Un miniclub social madelinien
Aux Îles, le char à glace est bien plus qu’une activité de plein air et un loisir hivernal, car la construction du bolide lui-même fait presque autant partie de l’expérience.

«Il faut mettre entre 300 et 400 heures pour obtenir un bon char, alors on fait ça quand on a le temps, les soirs et les fins de semaine », explique Eudore. Dans son atelier adjacent à sa résidence – qui forme le principal QG des tripeux de chars à glace –, on se réunit souvent pour regarder un match de hockey à la télé ou siroter une petite froide tout en gossant sur une coque ou un patin de char.

«Les gars débarquent à l’improviste pour jaser avec celui qui est en train de travailler sur sa coque, et pour donner leur avis: tout le monde apprend des bons coups et des erreurs des autres», explique Claude Bourque. Car en dignes descendants de patenteux acadiens, ces ingénieux Made­linots savent partir de rien pour réaliser de petits miracles. Hormis les voiles, souvent fabriquées par des spécialistes, la quasi-totalité des chars est fabriquée à la main, tantôt avec un vieux mât amputé de 10 pieds, tantôt avec des matériaux bruts.

«Aux États-Unis, il y en a qui dépensent jusqu’à 1200 $ pour des patins en cadmium, dit Eudore, et jusqu’à 50 000 $ pour un char. Ici, on va chez le quincaillier s’acheter des tiges d’acier et on peut s’en tirer pour 400 $ les trois patins, et pour 8000 $ pour tout le char.» Main-d’œuvre non comprise, il va sans dire.

La quête de la Quenouille d’or
Il est rare que la saison madelinienne de char à glace débute avant janvier, et pour encourager les adeptes à l’entamer, on organise chaque année un minidéfi, celui de la Quenouille d’or – en référence à la canne à pommeau d’or remise au capitaine du premier bateau à entrer dans le port de Montréal, en janvier. Pour la remporter, un pilote doit atteindre le premier le «plan d’asphalte», une ancienne carrière située au nord de la lagune du Havre aux Basques.

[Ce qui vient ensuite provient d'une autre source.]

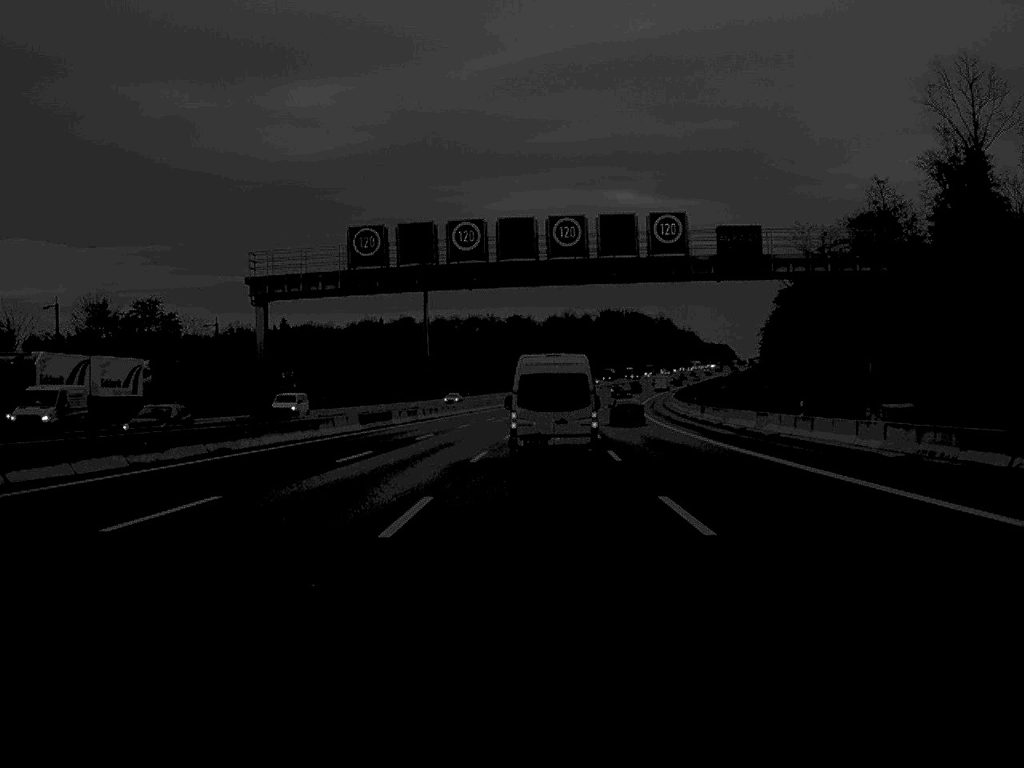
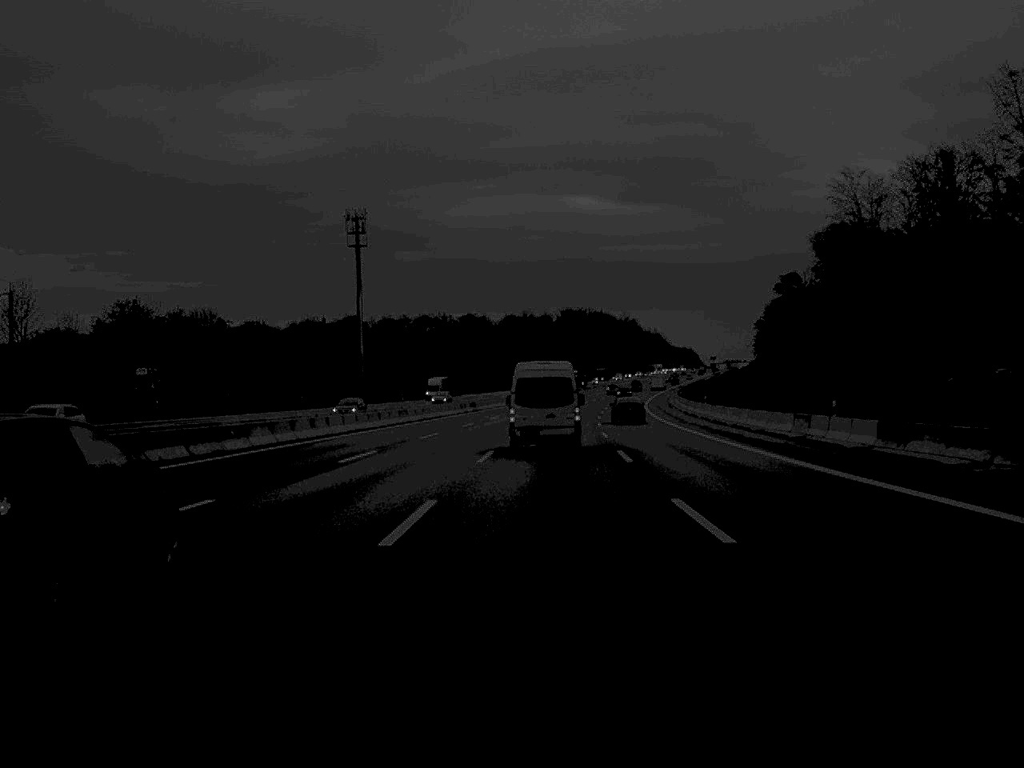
(+0.9, +54.6) m; +2°
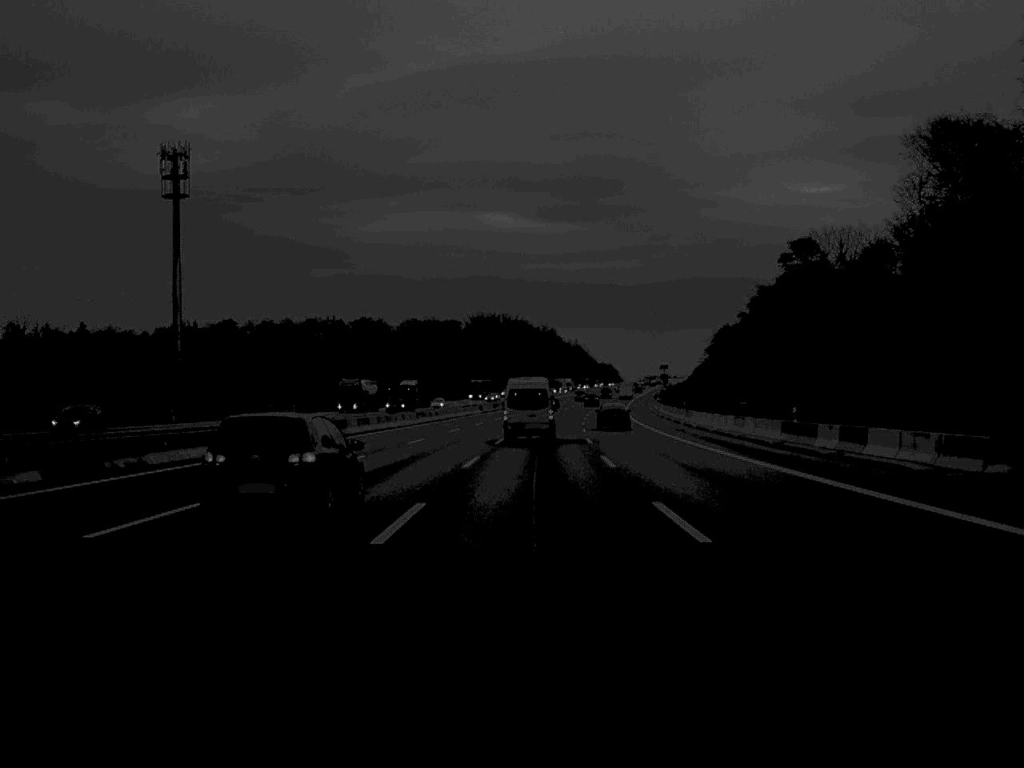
(+3.0, +88.8) m; +4°

Cela fait, la pratique de cette activité ne se limite pas qu’à ce site. «On est déjà partis trois jours en expédition jusqu’à Grosse-Île et Grande-Entrée, dans le nord de l’archipel, avec notre tente et notre sac de couchage attachés à la coque, dit Claude Bourque. Le soir, on monte les tentes à l’abri, on passe la nuit sur place et on revient le lendemain.»

Même si aucun accident grave ne s’est jamais produit en 20 ans de pratique, les adeptes se méfient des langues de sable – leurs pires ennemis –, des tas de cailloux qui peuvent émerger des glaces et… des trous d’eau.

Un jour, Eudore a ainsi défoncé la glace de la lagune, et son char s’est retrouvé au fond de l’eau. «Il ne restait plus que le mât qui dépassait! dit-il. J’ai donc téléphoné à mon ami scaphandrier, qui est descendu sous l’eau pour attacher mon char, poursuit Eudore. Puis nous l’avons sorti en gang, à la force du bras!»

Nul doute qu’à la suite de cet incident rocambolesque, tout le monde s’est retrouvé à l’atelier d’Eudore, une bière à la main, pour nettoyer le char trempé et… parler de la prochaine sortie, quand les glaces auraient repris pour de vrai.